[SUPPLIED MATERIAL]
========================================================================
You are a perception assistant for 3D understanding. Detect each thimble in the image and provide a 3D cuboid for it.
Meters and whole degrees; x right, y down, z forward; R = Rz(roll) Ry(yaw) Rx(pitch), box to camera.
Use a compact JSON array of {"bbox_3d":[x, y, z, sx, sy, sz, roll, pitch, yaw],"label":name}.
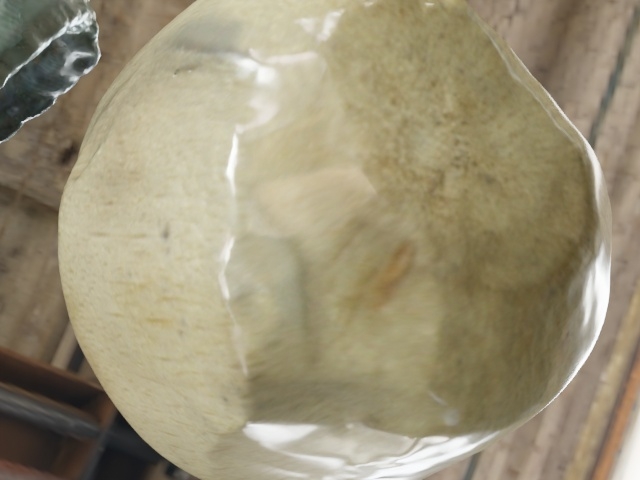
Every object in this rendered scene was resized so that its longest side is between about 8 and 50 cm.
[{"bbox_3d":[-0.306,-0.160,1.224,0.250,0.205,0.172,-44,-88,-10],"label":"thimble"}]

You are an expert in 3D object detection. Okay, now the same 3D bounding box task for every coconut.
[{"bbox_3d":[0.000,0.000,0.585,0.224,0.224,0.224,-15,-69,-42],"label":"coconut"}]
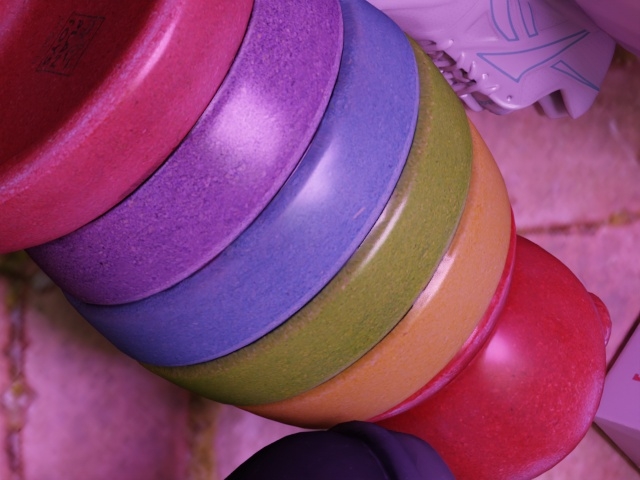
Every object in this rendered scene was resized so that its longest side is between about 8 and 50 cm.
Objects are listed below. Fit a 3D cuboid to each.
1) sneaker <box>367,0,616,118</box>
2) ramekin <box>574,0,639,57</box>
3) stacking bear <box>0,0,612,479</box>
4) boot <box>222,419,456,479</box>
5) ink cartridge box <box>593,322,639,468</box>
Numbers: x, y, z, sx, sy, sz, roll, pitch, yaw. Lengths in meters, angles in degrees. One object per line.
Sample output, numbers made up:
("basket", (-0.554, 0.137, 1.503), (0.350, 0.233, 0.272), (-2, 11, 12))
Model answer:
("sneaker", (0.070, -0.086, 0.683), (0.152, 0.054, 0.061), (7, 96, -33))
("ramekin", (0.213, -0.174, 0.630), (0.277, 0.135, 0.277), (-13, 117, -27))
("stacking bear", (0.000, 0.000, 0.599), (0.289, 0.164, 0.175), (38, 77, -35))
("boot", (-0.205, 0.179, 0.465), (0.445, 0.146, 0.367), (18, 104, -30))
("ink cartridge box", (0.310, 0.046, 0.766), (0.197, 0.198, 0.270), (42, 74, -30))
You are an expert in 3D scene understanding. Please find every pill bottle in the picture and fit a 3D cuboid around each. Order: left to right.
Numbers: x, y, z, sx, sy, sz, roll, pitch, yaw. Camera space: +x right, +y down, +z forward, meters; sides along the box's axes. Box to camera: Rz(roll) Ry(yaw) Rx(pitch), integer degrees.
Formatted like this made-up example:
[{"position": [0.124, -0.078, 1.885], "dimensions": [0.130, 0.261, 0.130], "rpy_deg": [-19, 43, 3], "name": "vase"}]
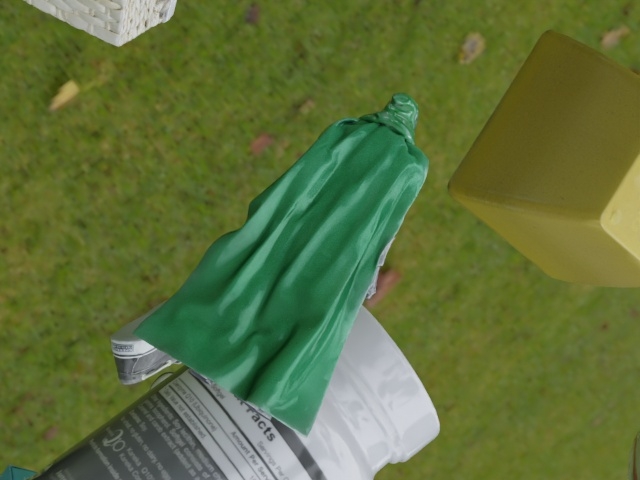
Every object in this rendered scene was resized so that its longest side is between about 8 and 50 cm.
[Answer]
========================================================================
[INSTRUCTIONS FOR THE TASK]
From the entries above, restate word for word the lines from the line containing "5) ink cartridge" to the line containing "(-2, 11, 12))", both ends included, and nothing more.

[OUTPUT FOR THIS EXERCISE]
5) ink cartridge box <box>593,322,639,468</box>
Numbers: x, y, z, sx, sy, sz, roll, pitch, yaw. Lengths in meters, angles in degrees. One object per line.
Sample output, numbers made up:
("basket", (-0.554, 0.137, 1.503), (0.350, 0.233, 0.272), (-2, 11, 12))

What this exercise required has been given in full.